WHAT TO PRODUCE: Hand back, word for word, the lines from the one containing "The width and" to the end of the records, both included, and leave out pictures.

━━━ DATA FOR THIS TASK ━━━

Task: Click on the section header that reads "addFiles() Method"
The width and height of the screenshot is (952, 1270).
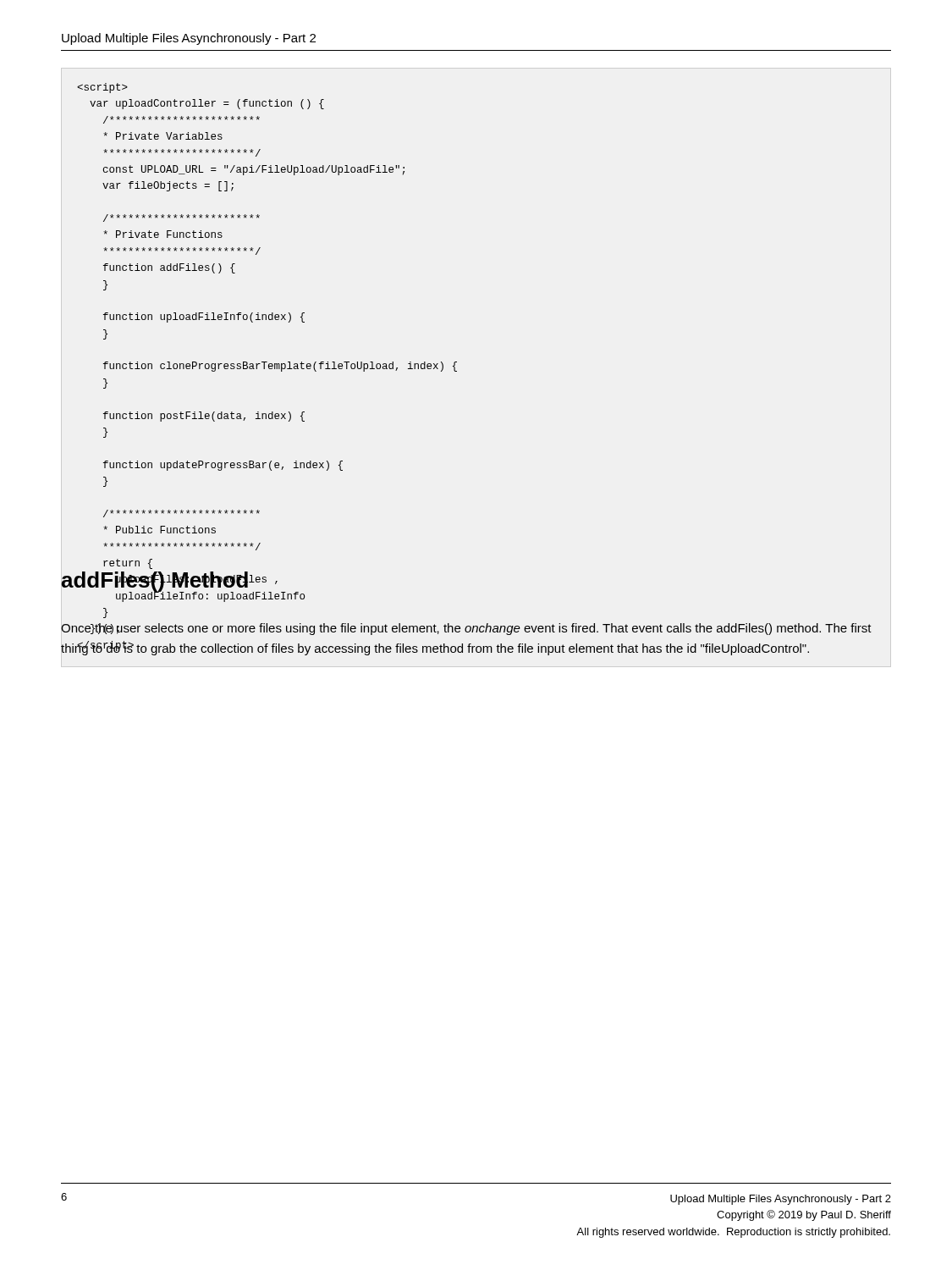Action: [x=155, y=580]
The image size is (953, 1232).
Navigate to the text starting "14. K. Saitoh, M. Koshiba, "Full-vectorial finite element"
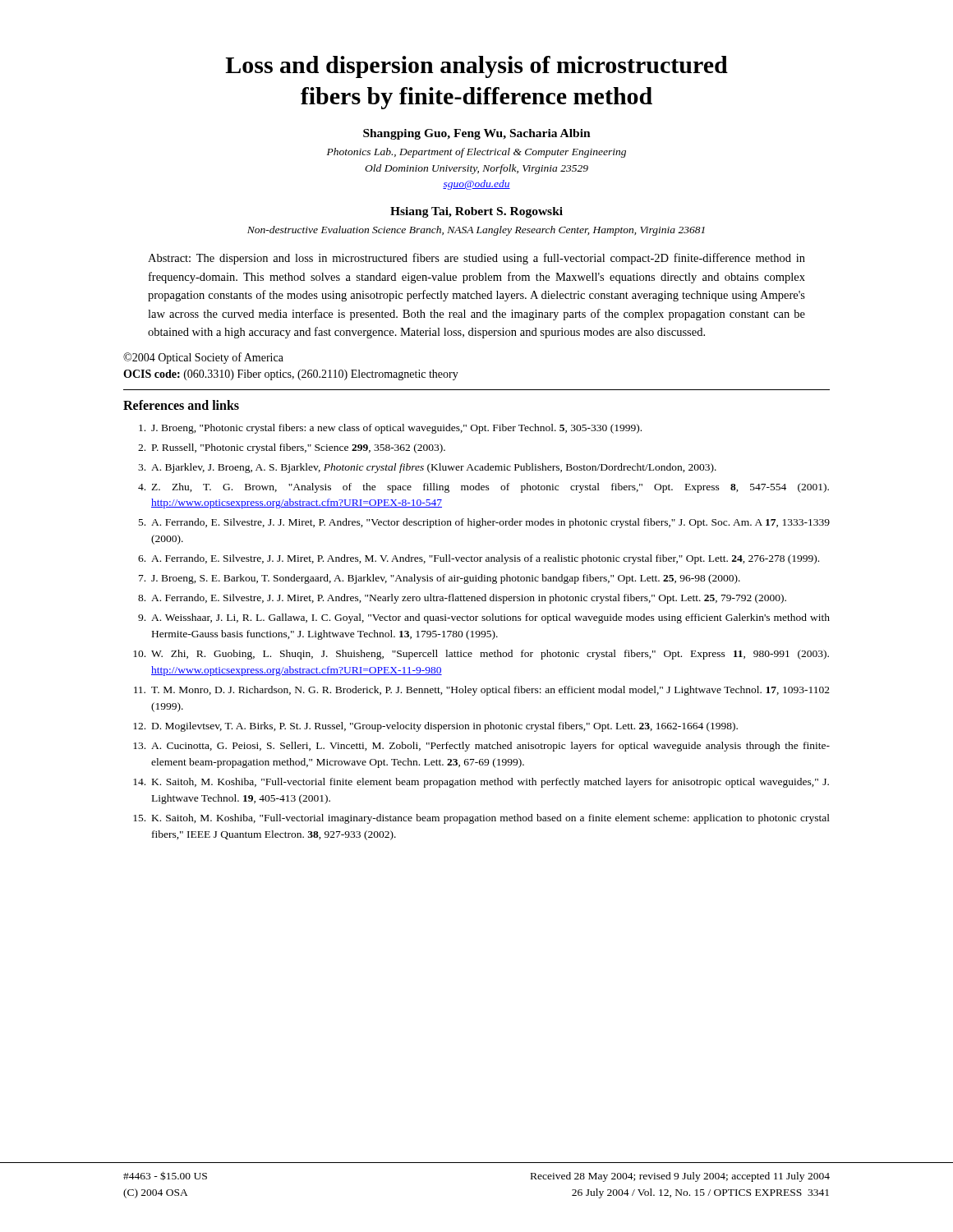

━━━

SOLUTION FOR THIS TASK:
The width and height of the screenshot is (952, 1270).
Action: [x=155, y=580]
The image size is (953, 1232).
Navigate to the text starting "14. K. Saitoh, M. Koshiba, "Full-vectorial finite element"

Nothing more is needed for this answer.